Earlier today, the Supreme Court of Canada dismissed the plaintiff’s application for leave to appeal from the decision of the Ontario Court of Appeal in Sharma v. Timminco Limited. In doing so, the Court reinforced the clear message delivered by the Court of Appeal in February of this year that plaintiffs in secondary market class actions are required to obtain leave to commence an action for misrepresentation under Part XXIII.1 of the Ontario Securities Act (the “OSA”) within three years of the alleged misrepresentation.
On May 14, 2009, Ravinder Kumar Sharma commenced a proposed class proceeding in which he alleged that misrepresentations by Timminco Limited (“Timminco”) and certain individual defendants aversely affected the value of Timminco’s shares in the secondary market.
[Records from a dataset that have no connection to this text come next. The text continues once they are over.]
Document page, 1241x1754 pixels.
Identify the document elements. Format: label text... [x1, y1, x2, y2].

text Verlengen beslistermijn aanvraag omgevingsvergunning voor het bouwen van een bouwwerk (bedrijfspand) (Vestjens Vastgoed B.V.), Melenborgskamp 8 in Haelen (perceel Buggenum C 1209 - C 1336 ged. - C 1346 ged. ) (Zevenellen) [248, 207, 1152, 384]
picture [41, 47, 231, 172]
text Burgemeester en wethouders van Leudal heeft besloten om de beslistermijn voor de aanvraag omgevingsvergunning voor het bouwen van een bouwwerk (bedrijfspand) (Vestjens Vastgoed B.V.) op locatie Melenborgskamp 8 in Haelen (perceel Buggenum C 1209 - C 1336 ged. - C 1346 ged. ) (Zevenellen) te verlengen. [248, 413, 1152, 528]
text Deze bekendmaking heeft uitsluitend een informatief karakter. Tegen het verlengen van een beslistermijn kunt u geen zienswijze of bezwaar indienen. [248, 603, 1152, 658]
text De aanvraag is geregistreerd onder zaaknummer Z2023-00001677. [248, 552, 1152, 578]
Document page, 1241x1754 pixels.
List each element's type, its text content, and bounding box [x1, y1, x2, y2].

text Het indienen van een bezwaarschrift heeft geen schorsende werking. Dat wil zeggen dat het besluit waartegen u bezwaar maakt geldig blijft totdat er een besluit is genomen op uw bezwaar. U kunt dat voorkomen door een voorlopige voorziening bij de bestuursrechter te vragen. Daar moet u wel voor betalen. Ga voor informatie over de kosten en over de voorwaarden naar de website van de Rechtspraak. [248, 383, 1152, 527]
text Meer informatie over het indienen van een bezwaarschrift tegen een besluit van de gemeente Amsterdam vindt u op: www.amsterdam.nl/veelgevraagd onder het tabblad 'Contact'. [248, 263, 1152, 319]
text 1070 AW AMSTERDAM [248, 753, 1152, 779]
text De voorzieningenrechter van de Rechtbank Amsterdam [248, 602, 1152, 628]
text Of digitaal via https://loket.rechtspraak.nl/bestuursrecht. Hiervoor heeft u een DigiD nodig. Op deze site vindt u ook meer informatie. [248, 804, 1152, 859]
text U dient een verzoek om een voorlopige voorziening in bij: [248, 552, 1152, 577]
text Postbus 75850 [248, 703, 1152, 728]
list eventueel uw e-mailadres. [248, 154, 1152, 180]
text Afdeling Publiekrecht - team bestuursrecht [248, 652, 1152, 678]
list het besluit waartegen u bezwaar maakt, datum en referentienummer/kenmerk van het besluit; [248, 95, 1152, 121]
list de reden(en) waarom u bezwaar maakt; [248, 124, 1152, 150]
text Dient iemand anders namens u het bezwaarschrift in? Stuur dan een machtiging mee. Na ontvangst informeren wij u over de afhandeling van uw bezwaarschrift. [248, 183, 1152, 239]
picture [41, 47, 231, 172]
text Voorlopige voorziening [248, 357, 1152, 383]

The misrepresentations detailed in the Statement of Claim (the “Claim”) are alleged to have commenced on March 17, 2008 and continued until November 11, 2008.
The Claim stated the plaintiff’s intention to seek an order granting leave to assert the statutory cause of action provided to secondary market investors by s. 138.3 of Part XXIII.1 of the OSA. Part XXIII.1 of the OSA imposes a limitation period of three years from the misrepresentation for the commencement of an action under this Part. It also provides that such an action can only be commenced with leave.
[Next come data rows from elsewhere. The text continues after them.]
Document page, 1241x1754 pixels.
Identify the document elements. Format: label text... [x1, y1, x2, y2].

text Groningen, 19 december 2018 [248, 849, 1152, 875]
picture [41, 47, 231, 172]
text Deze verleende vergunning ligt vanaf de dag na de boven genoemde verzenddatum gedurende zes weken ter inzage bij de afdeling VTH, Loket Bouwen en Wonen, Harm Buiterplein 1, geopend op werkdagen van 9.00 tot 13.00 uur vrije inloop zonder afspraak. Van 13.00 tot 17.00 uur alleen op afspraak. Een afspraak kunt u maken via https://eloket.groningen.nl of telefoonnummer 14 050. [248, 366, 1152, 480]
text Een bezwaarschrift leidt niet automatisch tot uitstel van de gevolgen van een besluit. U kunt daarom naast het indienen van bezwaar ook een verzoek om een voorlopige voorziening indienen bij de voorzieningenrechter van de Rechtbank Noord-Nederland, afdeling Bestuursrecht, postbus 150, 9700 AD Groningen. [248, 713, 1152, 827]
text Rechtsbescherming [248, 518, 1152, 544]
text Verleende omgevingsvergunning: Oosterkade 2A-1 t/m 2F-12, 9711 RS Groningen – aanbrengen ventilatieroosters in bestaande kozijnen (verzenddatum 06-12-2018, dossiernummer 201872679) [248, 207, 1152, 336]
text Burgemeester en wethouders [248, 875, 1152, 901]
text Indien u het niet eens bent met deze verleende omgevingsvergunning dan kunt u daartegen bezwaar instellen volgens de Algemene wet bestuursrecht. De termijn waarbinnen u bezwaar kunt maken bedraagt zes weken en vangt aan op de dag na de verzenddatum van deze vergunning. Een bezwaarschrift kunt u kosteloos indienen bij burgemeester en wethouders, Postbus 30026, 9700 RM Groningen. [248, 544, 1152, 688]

By early 2011, the plaintiff had not yet obtained the required leave. Faced with the prospect of missing the three year limitation period, he moved for an order declaring that the applicable limitation period in the OSA is suspended pursuant to s. 28 of the Class Proceedings Act, 1992 (the “CPA”). S. 28 of the CPA, in general terms, provides for the suspension of the limitation period applicable to a cause of action asserted in a class proceeding on commencement of the class proceeding. It also sets out the circumstances in which the applicable limitation period will resume running.
Superior Court of Justice
Justice Paul Perell of the Ontario Superior Court of Justice granted the plaintiff’s motion and declared that the applicable three year limitation period in the OSA is suspended pursuant to s. 28 of the CPA, effective as of the date of the issuance of the Claim.
Even though the plaintiff had not yet sought or obtained the required leave to proceed with the Part XXIII.1 claim, Justice Perell held that s. 28 of the CPA only required that a cause of action be mentioned in an already commenced class proceeding in order for the applicable limitation period to be suspended.
Ontario Court of Appeal
On February 16, 2012, the Ontario Court of Appeal allowed the defendants’ appeal from Justice Perell’s order and dismissed the plaintiff’s motion for an order declaring that the limitation period in the OSA had been suspended by the CPA.
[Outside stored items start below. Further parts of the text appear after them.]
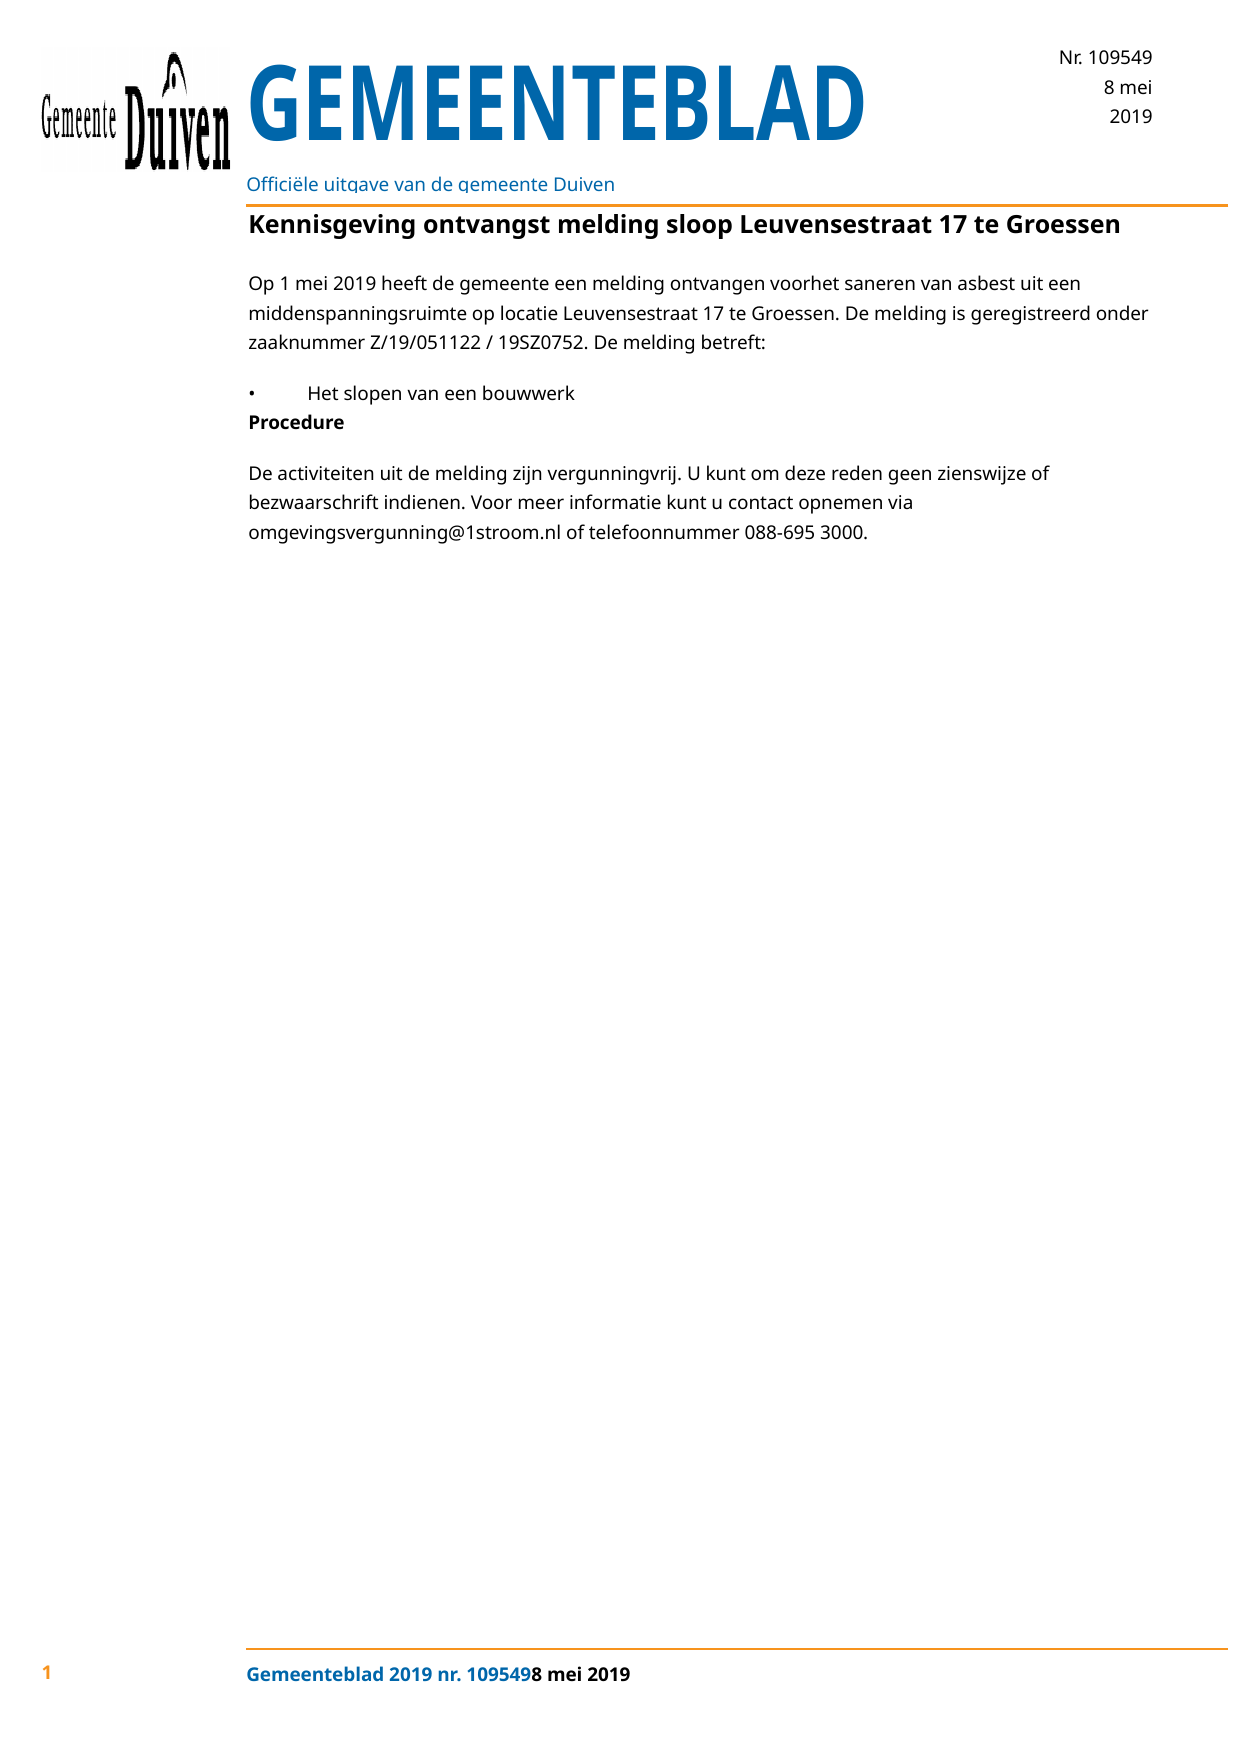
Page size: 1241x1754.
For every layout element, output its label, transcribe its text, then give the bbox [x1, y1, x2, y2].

text De activiteiten uit de melding zijn vergunningvrij. U kunt om deze reden geen zienswijze of bezwaarschrift indienen. Voor meer informatie kunt u contact opnemen via omgevingsvergunning@1stroom.nl of telefoonnummer 088-695 3000. [248, 460, 1152, 545]
text Kennisgeving ontvangst melding sloop Leuvensestraat 17 te Groessen [248, 207, 1152, 241]
list Het slopen van een bouwwerk [248, 380, 1152, 406]
text Op 1 mei 2019 heeft de gemeente een melding ontvangen voorhet saneren van asbest uit een middenspanningsruimte op locatie Leuvensestraat 17 te Groessen. De melding is geregistreerd onder zaaknummer Z/19/051122 / 19SZ0752. De melding betreft: [248, 270, 1152, 355]
picture [41, 47, 231, 172]
text Procedure [248, 409, 1152, 435]

The Court of Appeal concluded that in order for a s. 138.3 cause of action to be asserted in a class proceeding so as to trigger the suspension provision in s. 28 of the CPA, leave must be granted. In other words, the plaintiff’s mention in the Claim that he intended to seek leave was not enough to activate s. 28 of the CPA. Since the plaintiff in Sharma v. Timminco Limited had not obtained leave, s. 28 had not been activated.
The Court of Appeal commented that the purpose of the three year limitation period in Part XXIII.1 of the OSA is served by its interpretation of s. 28 of the CPA. “Section 138.14”, the Court reasoned, “was clearly designed to ensure that secondary market claims be proceeded with dispatch. That requires the necessary leave motion to be brought expeditiously. To suspend that limitation period with no guarantee that the s. 138.3 cause of action, including the prerequisite leave motion, will be proceeded with expeditiously is inconsistent with that purpose”.
Today’s Supreme Court of Canada decision has important implications not only for the defendants in Sharma v. Timminco Limited but for other pending and future actions seeking leave to assert the statutory remedy for misrepresentation in the secondary market. The decision will provide certainty to defendants in numerous other outstanding securities class actions involving claims under Part XXIII.1 regarding the status of the claims against them.
Plaintiffs intending to seek leave to proceed with Part XXIII.1 claims will be required to move with dispatch so as to obtain leave prior to the expiry of the applicable three year limitation period. Alternatively, and now that the law on this issue has been clarified, plaintiffs will no doubt request tolling agreements with defendants and/or early hearing dates for their respective motions for leave.
Leave it to the Legislature
The Court’s decision to deny leave to appeal in Sharma v. Timminco Limited has sent a clear message to the plaintiffs’ class action bar that the concerns they have expressed about the Court of Appeal’s interpretation of the Part XXIII.1 limitation period will have to be taken up with the legislature. It remains to be seen whether there is any appetite on the part of the government to consider an amendment to the OSA to address their concerns.